There's one more pass we're glad made the cut: a check that the problems actually reflect the whole audience in the discussion, not just its loudest corner. Competitive players venting tend to drown out quieter groups (spectators, collectors, event organizers) even when the community clearly talks about them too. So after the first read we compare the problems we found against who's really posting, and if a genuine part of the audience got crowded out, we go back and pull their problems as well. We only keep that second pass when it fills the gap without dropping anything that was already there.

What to keep in mind

This is a self-selected sample. We only see the people who chose to post. The quieter majority, and anyone who just solves the problem without writing about it, isn't in here, so think of prevalence as "how much it gets talked about," not "how many people have it."

It also skews recent. Active, current discussion is easier to surface than old threads, so a long-standing problem can be under-counted unless people are still bringing it up. And loud isn't the same as severe.

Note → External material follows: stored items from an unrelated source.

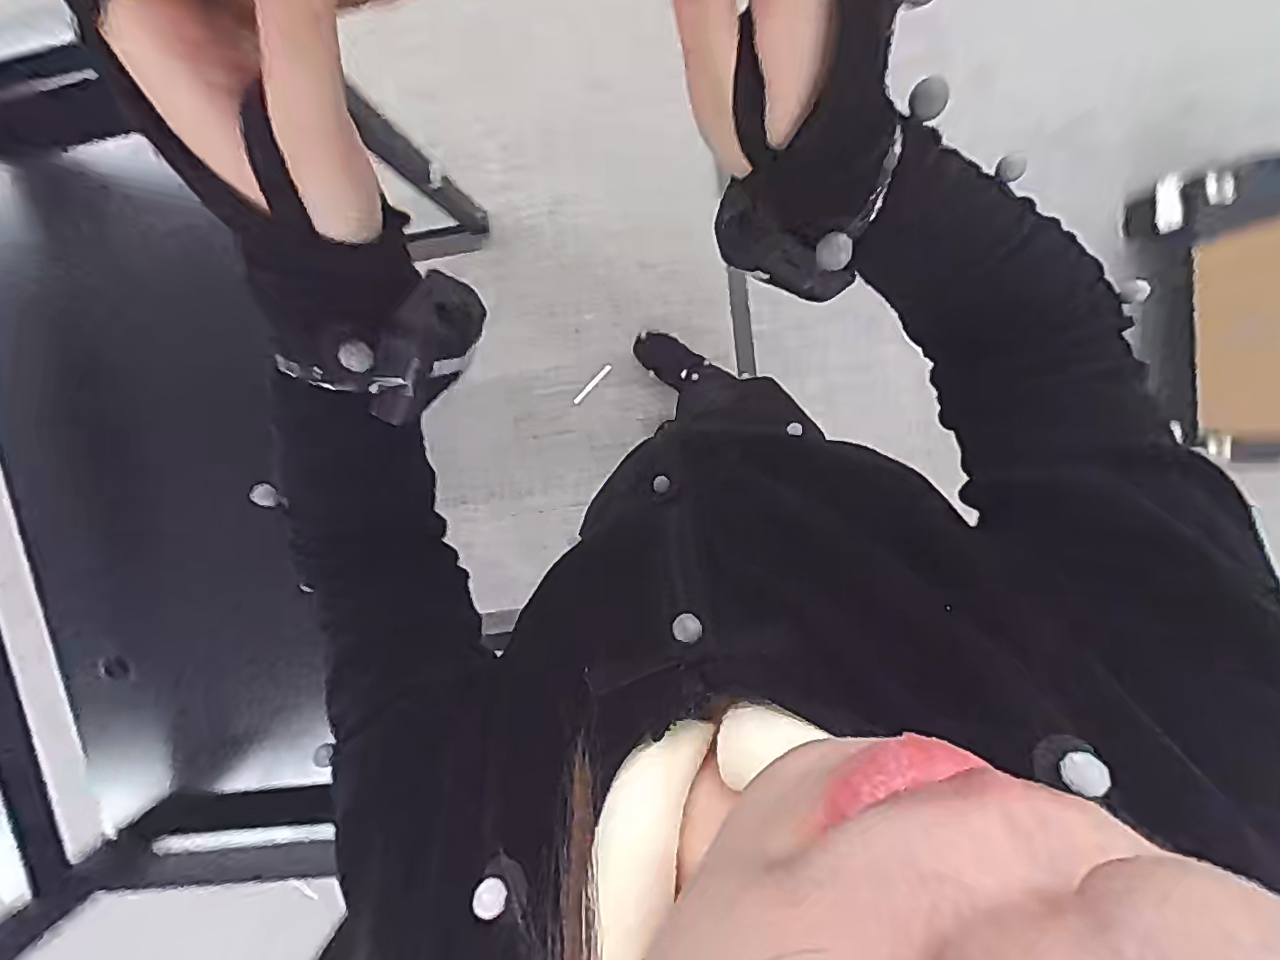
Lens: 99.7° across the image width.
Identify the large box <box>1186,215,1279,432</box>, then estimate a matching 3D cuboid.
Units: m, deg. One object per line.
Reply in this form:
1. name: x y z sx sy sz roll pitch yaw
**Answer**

Strong frustration doesn't automatically mean a problem blocks real work, which is exactly why the severity score is built to separate the two (Nielsen on severity ratings).

Sources

Abbas et al. (2023), SemDeDup: Data-efficient learning at web-scale through semantic deduplication
Gao et al. (2023), Enabling Large Language Models to Generate Text with Citations
Jakob Nielsen, Severity Ratings for Usability Problems (Nielsen Norman Group)